社説
首相批判発言 自衛隊は文民統制こそ(3月26日)
幹部自衛官の問題発言が相次いでいる。しかも最高指揮官たる鳩山由紀夫首相への批判とも受け取れる内容が含まれている。
文民統制が揺らいでいる。危惧(きぐ)を抱かざるを得ない。
発端は2月中旬に宮城県で行われた日米共同訓練での訓示だ。陸上自衛隊の前連隊長の1佐が日米の多くの参加者を前に「同盟は『信頼してくれ』などという言葉だけで維持されるものではない」と言い放った。
首相は昨年のオバマ米大統領との会談で米軍普天間飛行場の移転問題に関し「トラスト・ミー(私を信頼してほしい)」と伝えた。北沢俊美防衛相は前連隊長がこの首相発言を揶揄(やゆ)したとして、文書で注意した。
陸自幹部が公の場で首相批判とも受け止められる発言をするのは明らかに規律違反だ。防衛相は「クーデターにつながる」と危機感を表明した。処分は当然のことである。
ところが陸自第11旅団(札幌)中隊長の3佐が防衛副大臣と政務官に「連隊長の発言は総理の指揮統率を乱すものではない」と、この処分を批判するメールを送っていた。
第2特科連隊(名寄)でも中隊長の1尉が朝礼で、普天間問題での首相の対応を批判したという。

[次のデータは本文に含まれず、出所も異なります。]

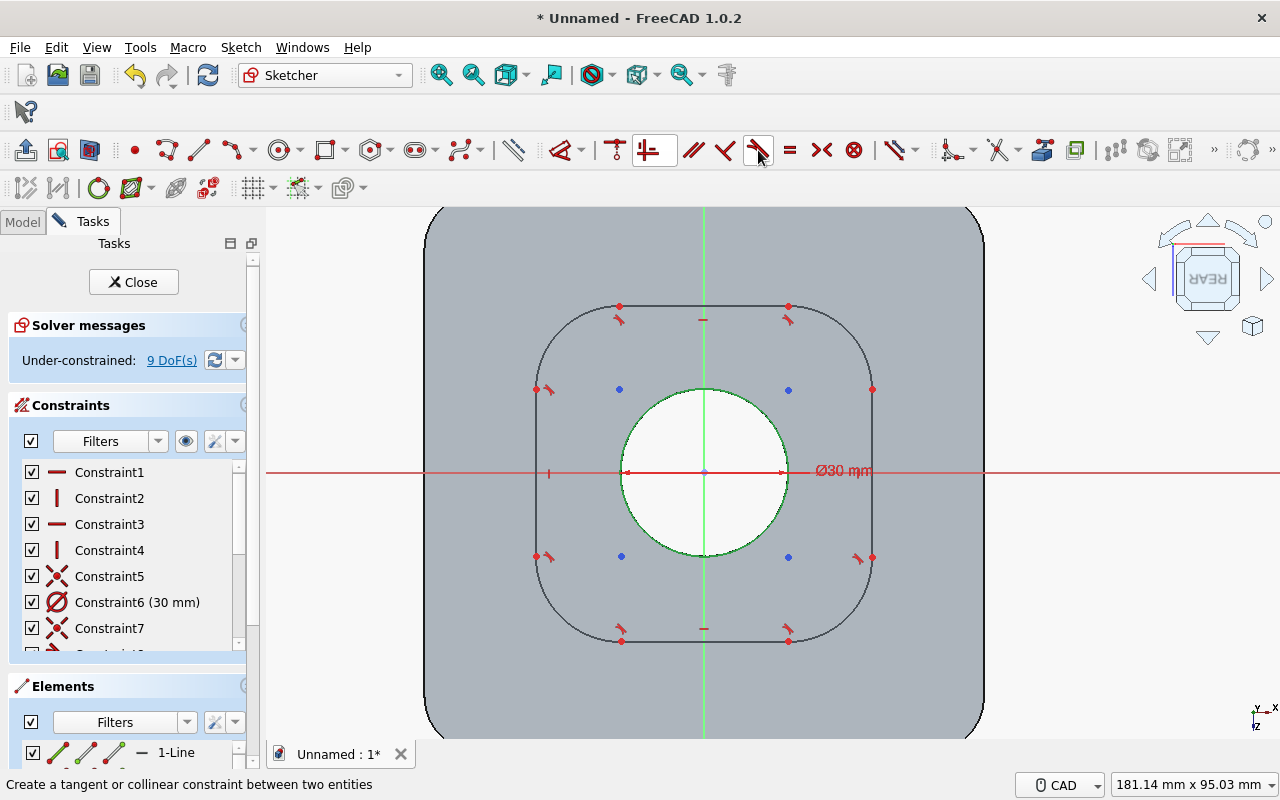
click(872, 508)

思い出すのは、田母神俊雄前航空幕僚長のことだ。一昨年、戦前の侵略を否定し植民地支配を正当化した論文を発表して更迭された。
にもかかわらず今回のような発言が繰り返された。実力組織の中に政治を軽んじる空気が広がっているのではないか。一連の発言が「氷山の一角」だとすれば事態は深刻だ。
自衛官が防衛政策などを研究し、上司に意見を述べることはあっていい。だが、それは組織の手続きにのっとって行われるべきものだ。
札幌の中隊長は口頭の注意処分とした。名寄の中隊長は厳重指導にとどめるという。そうした軽い対応で済まされることだろうか。軍部の独走を許した戦時中の苦い経験を忘れてはなるまい。
防衛相は今月、防衛省改革の有識者会議を発足させた。部隊の機能的な運用などの方策を探るという。
まず取り組むべきは文民統制を徹底させる仕組みづくりだ。教育のあり方を見直し、隊内に規律意識を根付かせる。それが急務だ。
首相にも言いたい。連隊長発言の後に行われた防衛大学校の卒業式の訓示で、日米同盟の重視を強調した。だが首相が真っ先に語るべきは、文民統制の大切さではなかったか。
シビリアン・コントロールを十分に機能させるには統率される側の規律意識とともに、指揮する側の見識と毅然(きぜん)とした姿勢が重要だ。首相は緊張感を持って臨んでもらいたい。